Required work: Output the listing exactly, leaving out no line.

..........

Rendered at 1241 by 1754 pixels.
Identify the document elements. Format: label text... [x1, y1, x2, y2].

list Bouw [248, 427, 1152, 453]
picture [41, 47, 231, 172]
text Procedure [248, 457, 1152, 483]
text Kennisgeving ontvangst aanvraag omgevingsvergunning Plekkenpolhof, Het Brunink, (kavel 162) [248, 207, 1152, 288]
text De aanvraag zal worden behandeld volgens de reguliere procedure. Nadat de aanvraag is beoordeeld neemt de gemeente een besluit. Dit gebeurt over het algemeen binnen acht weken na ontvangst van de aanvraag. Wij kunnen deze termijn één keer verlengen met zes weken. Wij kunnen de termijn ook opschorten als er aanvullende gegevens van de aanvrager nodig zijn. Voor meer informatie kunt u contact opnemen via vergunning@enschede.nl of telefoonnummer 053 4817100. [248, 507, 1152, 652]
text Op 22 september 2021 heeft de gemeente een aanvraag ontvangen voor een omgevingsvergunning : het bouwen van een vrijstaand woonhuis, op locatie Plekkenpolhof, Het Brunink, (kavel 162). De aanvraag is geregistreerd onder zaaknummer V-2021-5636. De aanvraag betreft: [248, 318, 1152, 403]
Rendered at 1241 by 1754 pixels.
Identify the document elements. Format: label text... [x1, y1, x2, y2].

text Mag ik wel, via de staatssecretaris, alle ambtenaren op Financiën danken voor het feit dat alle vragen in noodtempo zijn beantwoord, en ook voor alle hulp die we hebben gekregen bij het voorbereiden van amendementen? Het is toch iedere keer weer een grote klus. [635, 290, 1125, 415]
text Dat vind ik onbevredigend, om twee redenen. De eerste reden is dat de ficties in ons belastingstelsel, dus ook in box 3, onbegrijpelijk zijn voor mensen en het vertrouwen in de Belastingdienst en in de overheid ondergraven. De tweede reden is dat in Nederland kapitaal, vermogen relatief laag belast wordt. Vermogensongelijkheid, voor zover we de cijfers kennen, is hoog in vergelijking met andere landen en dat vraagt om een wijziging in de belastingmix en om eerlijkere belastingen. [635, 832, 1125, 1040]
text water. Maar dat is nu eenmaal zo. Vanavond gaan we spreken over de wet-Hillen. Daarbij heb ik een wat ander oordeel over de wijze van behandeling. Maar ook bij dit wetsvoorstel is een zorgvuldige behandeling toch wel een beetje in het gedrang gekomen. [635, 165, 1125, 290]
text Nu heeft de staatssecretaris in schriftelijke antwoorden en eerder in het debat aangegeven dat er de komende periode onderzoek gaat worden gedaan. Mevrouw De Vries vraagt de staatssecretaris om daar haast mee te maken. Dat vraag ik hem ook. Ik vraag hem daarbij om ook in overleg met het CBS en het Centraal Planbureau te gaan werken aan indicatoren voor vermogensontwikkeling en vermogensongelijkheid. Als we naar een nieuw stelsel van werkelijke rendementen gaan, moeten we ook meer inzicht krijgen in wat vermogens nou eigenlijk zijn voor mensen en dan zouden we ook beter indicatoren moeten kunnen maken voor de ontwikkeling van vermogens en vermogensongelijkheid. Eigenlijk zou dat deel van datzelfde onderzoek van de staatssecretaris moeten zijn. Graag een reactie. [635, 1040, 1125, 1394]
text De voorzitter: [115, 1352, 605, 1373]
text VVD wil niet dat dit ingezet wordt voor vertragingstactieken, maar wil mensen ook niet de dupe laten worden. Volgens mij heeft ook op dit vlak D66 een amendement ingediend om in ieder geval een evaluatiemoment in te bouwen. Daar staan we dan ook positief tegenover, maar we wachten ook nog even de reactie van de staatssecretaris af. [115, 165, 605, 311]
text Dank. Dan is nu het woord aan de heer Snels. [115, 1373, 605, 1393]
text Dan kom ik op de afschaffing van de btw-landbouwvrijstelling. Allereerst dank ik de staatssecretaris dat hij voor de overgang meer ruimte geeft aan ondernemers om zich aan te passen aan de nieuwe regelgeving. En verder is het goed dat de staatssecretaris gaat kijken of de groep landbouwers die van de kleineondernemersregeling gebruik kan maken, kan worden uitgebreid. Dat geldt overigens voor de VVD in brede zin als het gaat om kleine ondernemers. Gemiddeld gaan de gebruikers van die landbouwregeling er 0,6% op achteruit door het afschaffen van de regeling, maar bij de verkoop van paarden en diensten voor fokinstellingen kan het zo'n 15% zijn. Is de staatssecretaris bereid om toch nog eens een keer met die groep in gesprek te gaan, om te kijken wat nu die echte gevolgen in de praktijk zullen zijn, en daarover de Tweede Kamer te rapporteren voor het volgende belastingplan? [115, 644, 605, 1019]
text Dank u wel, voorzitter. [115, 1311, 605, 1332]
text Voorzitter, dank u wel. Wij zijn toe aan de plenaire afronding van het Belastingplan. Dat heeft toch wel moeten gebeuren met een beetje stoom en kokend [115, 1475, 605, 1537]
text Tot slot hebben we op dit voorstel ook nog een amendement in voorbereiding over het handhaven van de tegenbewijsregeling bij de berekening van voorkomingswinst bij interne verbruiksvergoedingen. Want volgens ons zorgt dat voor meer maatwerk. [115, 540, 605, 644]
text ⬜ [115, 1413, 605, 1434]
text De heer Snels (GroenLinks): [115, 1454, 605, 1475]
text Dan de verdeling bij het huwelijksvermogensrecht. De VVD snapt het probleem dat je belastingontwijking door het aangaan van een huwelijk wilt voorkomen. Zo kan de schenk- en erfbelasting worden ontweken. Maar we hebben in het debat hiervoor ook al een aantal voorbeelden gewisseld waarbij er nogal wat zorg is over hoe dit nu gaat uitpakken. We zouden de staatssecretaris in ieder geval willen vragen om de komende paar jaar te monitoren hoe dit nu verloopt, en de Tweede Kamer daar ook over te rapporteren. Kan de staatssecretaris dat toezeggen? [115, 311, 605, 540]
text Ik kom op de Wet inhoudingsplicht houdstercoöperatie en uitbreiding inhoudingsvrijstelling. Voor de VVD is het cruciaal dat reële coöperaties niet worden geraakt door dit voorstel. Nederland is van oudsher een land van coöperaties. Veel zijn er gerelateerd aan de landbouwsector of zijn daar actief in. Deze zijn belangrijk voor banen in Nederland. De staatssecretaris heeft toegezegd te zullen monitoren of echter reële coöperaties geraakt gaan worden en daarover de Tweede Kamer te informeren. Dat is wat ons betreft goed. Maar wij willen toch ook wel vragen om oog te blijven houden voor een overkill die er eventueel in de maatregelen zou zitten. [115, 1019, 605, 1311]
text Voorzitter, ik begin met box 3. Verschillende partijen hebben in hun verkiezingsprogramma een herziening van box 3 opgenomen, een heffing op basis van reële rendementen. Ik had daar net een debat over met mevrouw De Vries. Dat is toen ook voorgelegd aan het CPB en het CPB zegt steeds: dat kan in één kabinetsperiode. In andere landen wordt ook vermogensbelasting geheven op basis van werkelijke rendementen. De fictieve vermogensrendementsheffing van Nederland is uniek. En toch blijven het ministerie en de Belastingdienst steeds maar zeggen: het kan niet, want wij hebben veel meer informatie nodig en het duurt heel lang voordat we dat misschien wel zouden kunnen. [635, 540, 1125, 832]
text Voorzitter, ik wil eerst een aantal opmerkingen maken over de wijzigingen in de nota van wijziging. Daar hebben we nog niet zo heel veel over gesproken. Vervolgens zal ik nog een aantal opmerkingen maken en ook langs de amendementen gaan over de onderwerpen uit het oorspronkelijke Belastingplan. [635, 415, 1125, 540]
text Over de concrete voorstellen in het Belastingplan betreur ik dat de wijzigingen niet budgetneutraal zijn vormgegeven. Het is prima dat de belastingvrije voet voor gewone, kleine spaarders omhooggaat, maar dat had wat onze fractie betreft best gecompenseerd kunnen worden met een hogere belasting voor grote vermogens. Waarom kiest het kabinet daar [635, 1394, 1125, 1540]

..........

Written answer:
Rendered at 1241 by 1754 pixels.
Identify the document elements. Format: label text... [x1, y1, x2, y2].

list Bouw [248, 427, 1152, 453]
picture [41, 47, 231, 172]
text Procedure [248, 457, 1152, 483]
text Kennisgeving ontvangst aanvraag omgevingsvergunning Plekkenpolhof, Het Brunink, (kavel 162) [248, 207, 1152, 288]
text De aanvraag zal worden behandeld volgens de reguliere procedure. Nadat de aanvraag is beoordeeld neemt de gemeente een besluit. Dit gebeurt over het algemeen binnen acht weken na ontvangst van de aanvraag. Wij kunnen deze termijn één keer verlengen met zes weken. Wij kunnen de termijn ook opschorten als er aanvullende gegevens van de aanvrager nodig zijn. Voor meer informatie kunt u contact opnemen via vergunning@enschede.nl of telefoonnummer 053 4817100. [248, 507, 1152, 652]
text Op 22 september 2021 heeft de gemeente een aanvraag ontvangen voor een omgevingsvergunning : het bouwen van een vrijstaand woonhuis, op locatie Plekkenpolhof, Het Brunink, (kavel 162). De aanvraag is geregistreerd onder zaaknummer V-2021-5636. De aanvraag betreft: [248, 318, 1152, 403]
Rendered at 1241 by 1754 pixels.
Identify the document elements. Format: label text... [x1, y1, x2, y2].

text Mag ik wel, via de staatssecretaris, alle ambtenaren op Financiën danken voor het feit dat alle vragen in noodtempo zijn beantwoord, en ook voor alle hulp die we hebben gekregen bij het voorbereiden van amendementen? Het is toch iedere keer weer een grote klus. [635, 290, 1125, 415]
text Dat vind ik onbevredigend, om twee redenen. De eerste reden is dat de ficties in ons belastingstelsel, dus ook in box 3, onbegrijpelijk zijn voor mensen en het vertrouwen in de Belastingdienst en in de overheid ondergraven. De tweede reden is dat in Nederland kapitaal, vermogen relatief laag belast wordt. Vermogensongelijkheid, voor zover we de cijfers kennen, is hoog in vergelijking met andere landen en dat vraagt om een wijziging in de belastingmix en om eerlijkere belastingen. [635, 832, 1125, 1040]
text water. Maar dat is nu eenmaal zo. Vanavond gaan we spreken over de wet-Hillen. Daarbij heb ik een wat ander oordeel over de wijze van behandeling. Maar ook bij dit wetsvoorstel is een zorgvuldige behandeling toch wel een beetje in het gedrang gekomen. [635, 165, 1125, 290]
text Nu heeft de staatssecretaris in schriftelijke antwoorden en eerder in het debat aangegeven dat er de komende periode onderzoek gaat worden gedaan. Mevrouw De Vries vraagt de staatssecretaris om daar haast mee te maken. Dat vraag ik hem ook. Ik vraag hem daarbij om ook in overleg met het CBS en het Centraal Planbureau te gaan werken aan indicatoren voor vermogensontwikkeling en vermogensongelijkheid. Als we naar een nieuw stelsel van werkelijke rendementen gaan, moeten we ook meer inzicht krijgen in wat vermogens nou eigenlijk zijn voor mensen en dan zouden we ook beter indicatoren moeten kunnen maken voor de ontwikkeling van vermogens en vermogensongelijkheid. Eigenlijk zou dat deel van datzelfde onderzoek van de staatssecretaris moeten zijn. Graag een reactie. [635, 1040, 1125, 1394]
text De voorzitter: [115, 1352, 605, 1373]
text VVD wil niet dat dit ingezet wordt voor vertragingstactieken, maar wil mensen ook niet de dupe laten worden. Volgens mij heeft ook op dit vlak D66 een amendement ingediend om in ieder geval een evaluatiemoment in te bouwen. Daar staan we dan ook positief tegenover, maar we wachten ook nog even de reactie van de staatssecretaris af. [115, 165, 605, 311]
text Dank. Dan is nu het woord aan de heer Snels. [115, 1373, 605, 1393]
text Dan kom ik op de afschaffing van de btw-landbouwvrijstelling. Allereerst dank ik de staatssecretaris dat hij voor de overgang meer ruimte geeft aan ondernemers om zich aan te passen aan de nieuwe regelgeving. En verder is het goed dat de staatssecretaris gaat kijken of de groep landbouwers die van de kleineondernemersregeling gebruik kan maken, kan worden uitgebreid. Dat geldt overigens voor de VVD in brede zin als het gaat om kleine ondernemers. Gemiddeld gaan de gebruikers van die landbouwregeling er 0,6% op achteruit door het afschaffen van de regeling, maar bij de verkoop van paarden en diensten voor fokinstellingen kan het zo'n 15% zijn. Is de staatssecretaris bereid om toch nog eens een keer met die groep in gesprek te gaan, om te kijken wat nu die echte gevolgen in de praktijk zullen zijn, en daarover de Tweede Kamer te rapporteren voor het volgende belastingplan? [115, 644, 605, 1019]
text Dank u wel, voorzitter. [115, 1311, 605, 1332]
text Voorzitter, dank u wel. Wij zijn toe aan de plenaire afronding van het Belastingplan. Dat heeft toch wel moeten gebeuren met een beetje stoom en kokend [115, 1475, 605, 1537]
text Tot slot hebben we op dit voorstel ook nog een amendement in voorbereiding over het handhaven van de tegenbewijsregeling bij de berekening van voorkomingswinst bij interne verbruiksvergoedingen. Want volgens ons zorgt dat voor meer maatwerk. [115, 540, 605, 644]
text ⬜ [115, 1413, 605, 1434]
text De heer Snels (GroenLinks): [115, 1454, 605, 1475]
text Dan de verdeling bij het huwelijksvermogensrecht. De VVD snapt het probleem dat je belastingontwijking door het aangaan van een huwelijk wilt voorkomen. Zo kan de schenk- en erfbelasting worden ontweken. Maar we hebben in het debat hiervoor ook al een aantal voorbeelden gewisseld waarbij er nogal wat zorg is over hoe dit nu gaat uitpakken. We zouden de staatssecretaris in ieder geval willen vragen om de komende paar jaar te monitoren hoe dit nu verloopt, en de Tweede Kamer daar ook over te rapporteren. Kan de staatssecretaris dat toezeggen? [115, 311, 605, 540]
text Ik kom op de Wet inhoudingsplicht houdstercoöperatie en uitbreiding inhoudingsvrijstelling. Voor de VVD is het cruciaal dat reële coöperaties niet worden geraakt door dit voorstel. Nederland is van oudsher een land van coöperaties. Veel zijn er gerelateerd aan de landbouwsector of zijn daar actief in. Deze zijn belangrijk voor banen in Nederland. De staatssecretaris heeft toegezegd te zullen monitoren of echter reële coöperaties geraakt gaan worden en daarover de Tweede Kamer te informeren. Dat is wat ons betreft goed. Maar wij willen toch ook wel vragen om oog te blijven houden voor een overkill die er eventueel in de maatregelen zou zitten. [115, 1019, 605, 1311]
text Voorzitter, ik begin met box 3. Verschillende partijen hebben in hun verkiezingsprogramma een herziening van box 3 opgenomen, een heffing op basis van reële rendementen. Ik had daar net een debat over met mevrouw De Vries. Dat is toen ook voorgelegd aan het CPB en het CPB zegt steeds: dat kan in één kabinetsperiode. In andere landen wordt ook vermogensbelasting geheven op basis van werkelijke rendementen. De fictieve vermogensrendementsheffing van Nederland is uniek. En toch blijven het ministerie en de Belastingdienst steeds maar zeggen: het kan niet, want wij hebben veel meer informatie nodig en het duurt heel lang voordat we dat misschien wel zouden kunnen. [635, 540, 1125, 832]
text Voorzitter, ik wil eerst een aantal opmerkingen maken over de wijzigingen in de nota van wijziging. Daar hebben we nog niet zo heel veel over gesproken. Vervolgens zal ik nog een aantal opmerkingen maken en ook langs de amendementen gaan over de onderwerpen uit het oorspronkelijke Belastingplan. [635, 415, 1125, 540]
text Over de concrete voorstellen in het Belastingplan betreur ik dat de wijzigingen niet budgetneutraal zijn vormgegeven. Het is prima dat de belastingvrije voet voor gewone, kleine spaarders omhooggaat, maar dat had wat onze fractie betreft best gecompenseerd kunnen worden met een hogere belasting voor grote vermogens. Waarom kiest het kabinet daar [635, 1394, 1125, 1540]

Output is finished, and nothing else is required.